• **ACTION ITEM**: Start to finish, write out the entries exactly, leaving the pictures aside.

::: DATA SUPPLIED

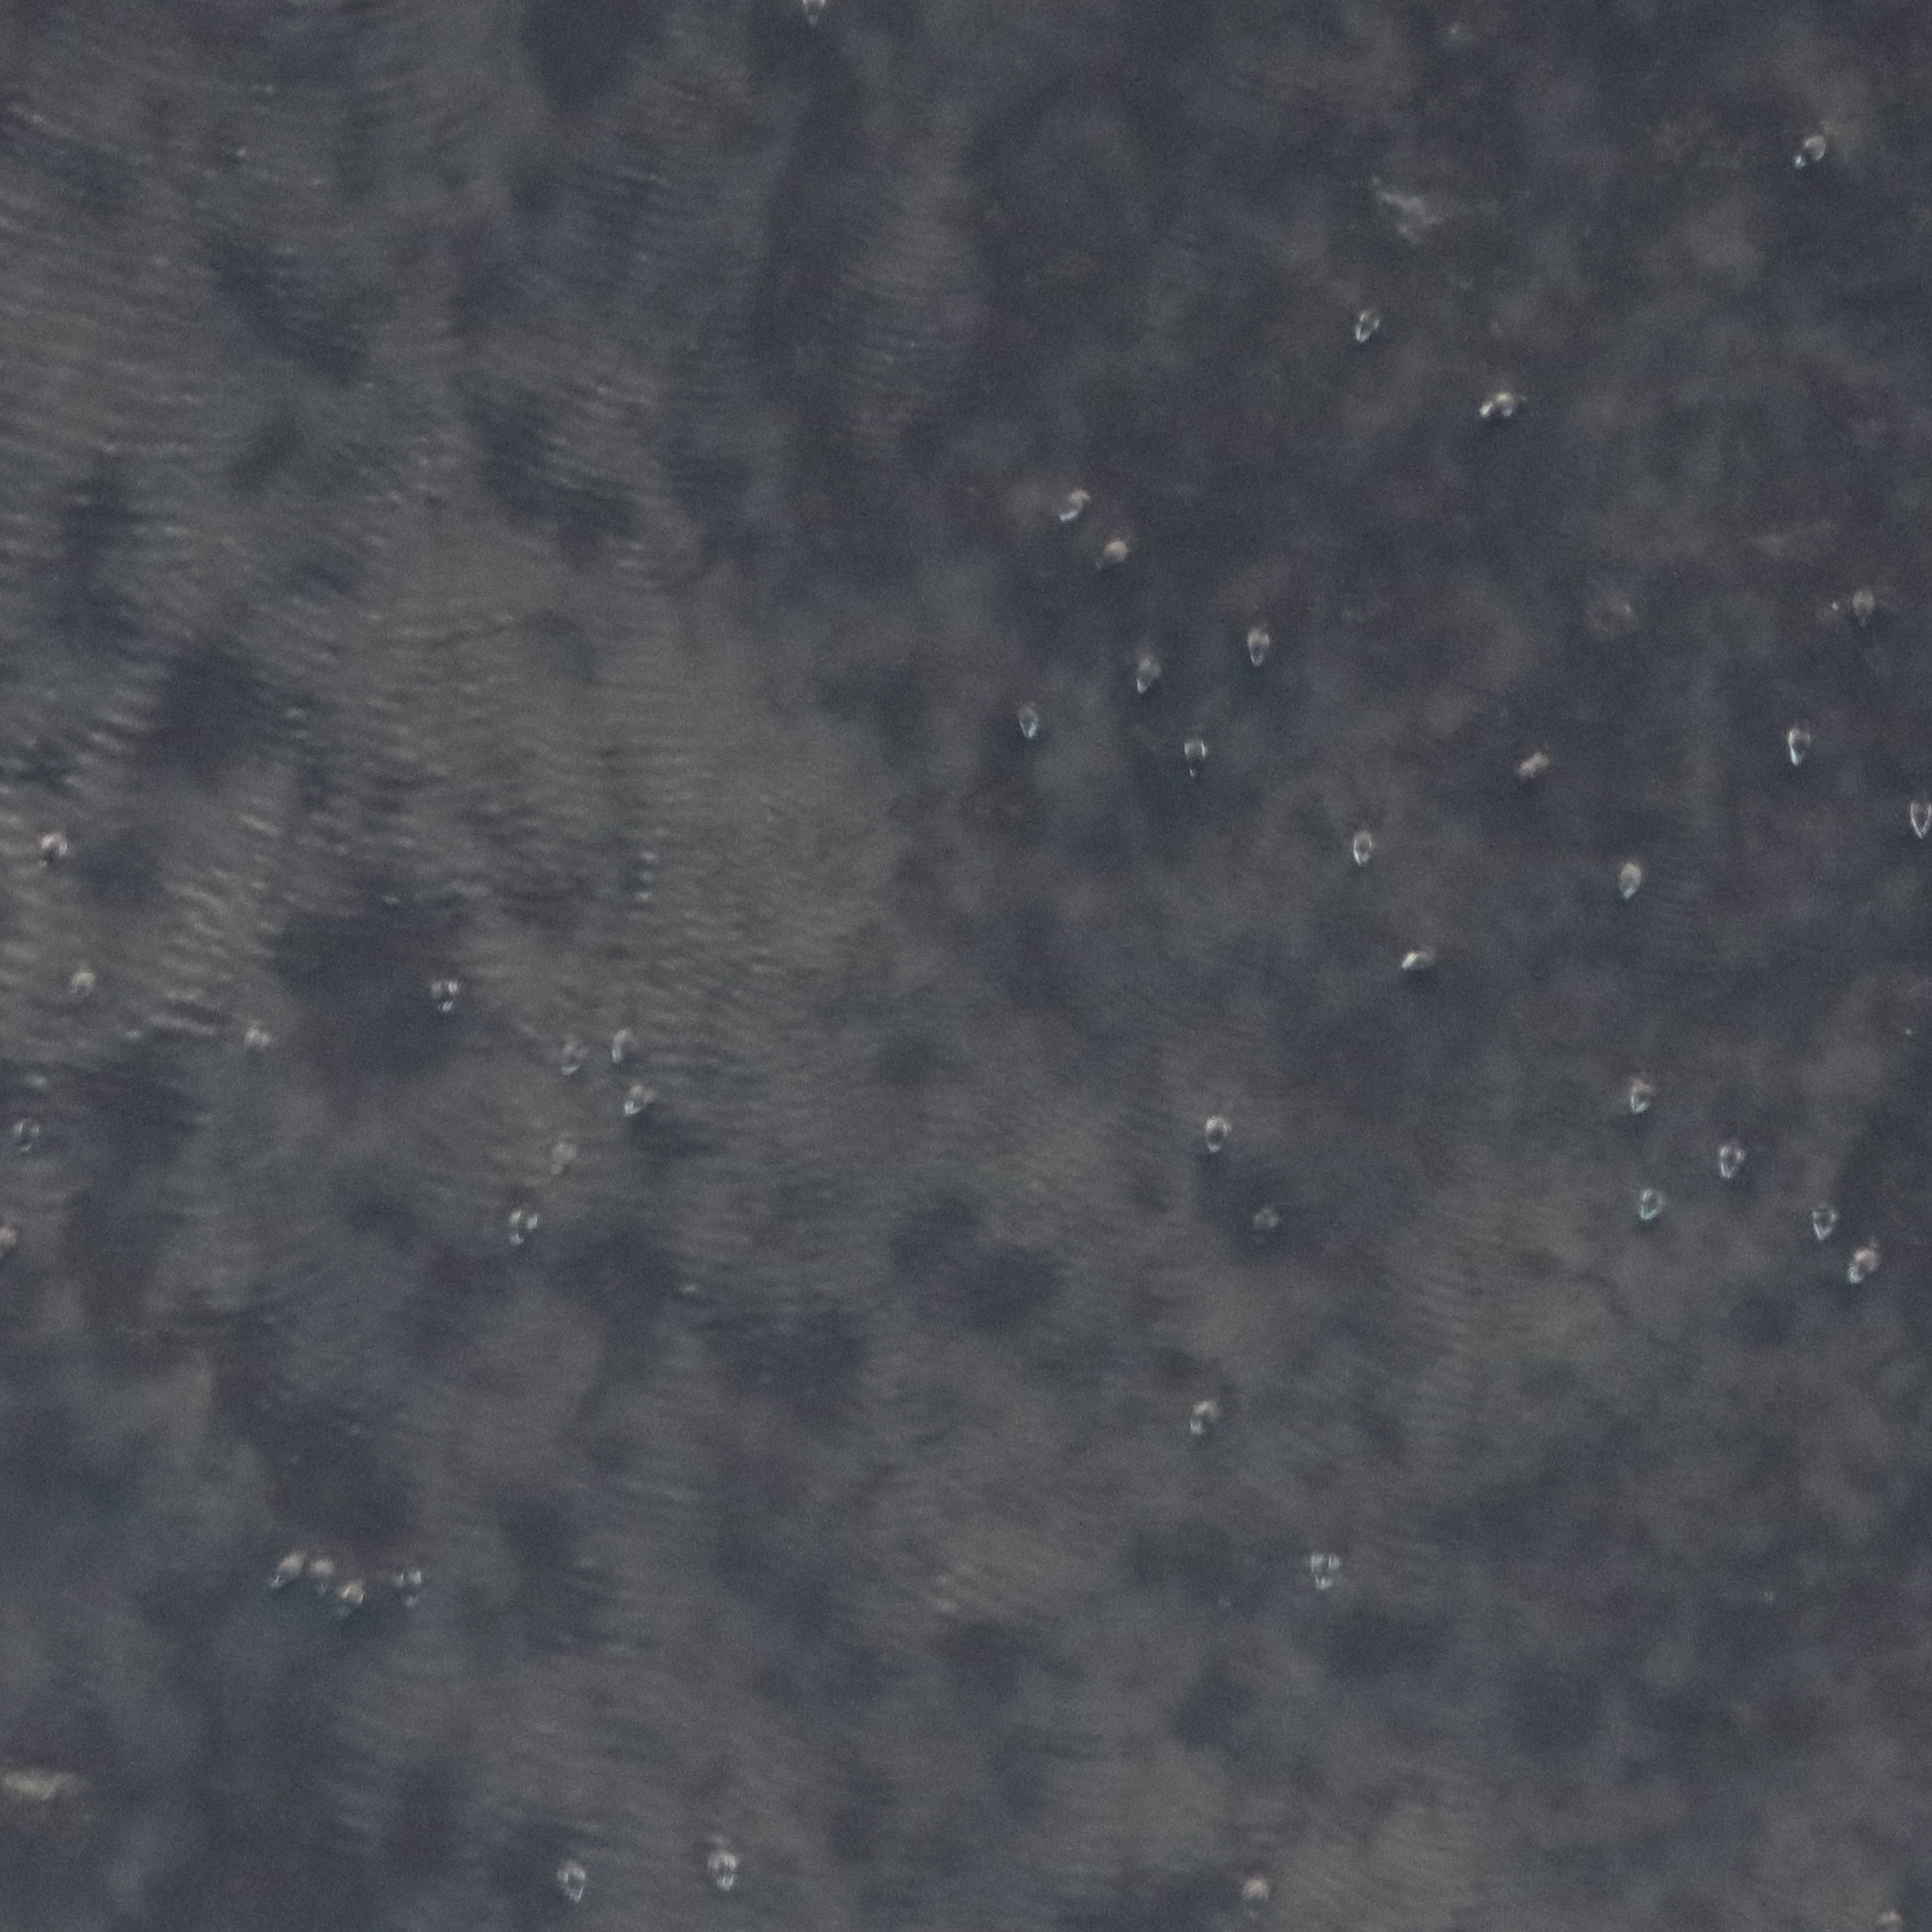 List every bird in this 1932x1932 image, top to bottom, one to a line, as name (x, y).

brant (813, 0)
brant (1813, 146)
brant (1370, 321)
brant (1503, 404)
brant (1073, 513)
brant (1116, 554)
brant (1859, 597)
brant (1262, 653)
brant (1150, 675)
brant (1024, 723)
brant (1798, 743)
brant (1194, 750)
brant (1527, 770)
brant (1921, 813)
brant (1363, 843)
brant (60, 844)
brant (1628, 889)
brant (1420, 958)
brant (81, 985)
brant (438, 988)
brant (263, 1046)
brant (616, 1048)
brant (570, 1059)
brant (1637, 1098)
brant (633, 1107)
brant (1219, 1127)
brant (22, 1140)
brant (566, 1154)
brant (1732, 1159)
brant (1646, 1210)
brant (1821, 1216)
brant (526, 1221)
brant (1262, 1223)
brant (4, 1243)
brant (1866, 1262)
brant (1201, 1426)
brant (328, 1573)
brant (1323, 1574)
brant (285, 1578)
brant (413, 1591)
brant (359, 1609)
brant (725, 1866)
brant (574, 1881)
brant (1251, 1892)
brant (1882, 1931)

::::::

• **TASK RESULT**:
 List every bird in this 1932x1932 image, top to bottom, one to a line, as name (x, y).

brant (813, 0)
brant (1813, 146)
brant (1370, 321)
brant (1503, 404)
brant (1073, 513)
brant (1116, 554)
brant (1859, 597)
brant (1262, 653)
brant (1150, 675)
brant (1024, 723)
brant (1798, 743)
brant (1194, 750)
brant (1527, 770)
brant (1921, 813)
brant (1363, 843)
brant (60, 844)
brant (1628, 889)
brant (1420, 958)
brant (81, 985)
brant (438, 988)
brant (263, 1046)
brant (616, 1048)
brant (570, 1059)
brant (1637, 1098)
brant (633, 1107)
brant (1219, 1127)
brant (22, 1140)
brant (566, 1154)
brant (1732, 1159)
brant (1646, 1210)
brant (1821, 1216)
brant (526, 1221)
brant (1262, 1223)
brant (4, 1243)
brant (1866, 1262)
brant (1201, 1426)
brant (328, 1573)
brant (1323, 1574)
brant (285, 1578)
brant (413, 1591)
brant (359, 1609)
brant (725, 1866)
brant (574, 1881)
brant (1251, 1892)
brant (1882, 1931)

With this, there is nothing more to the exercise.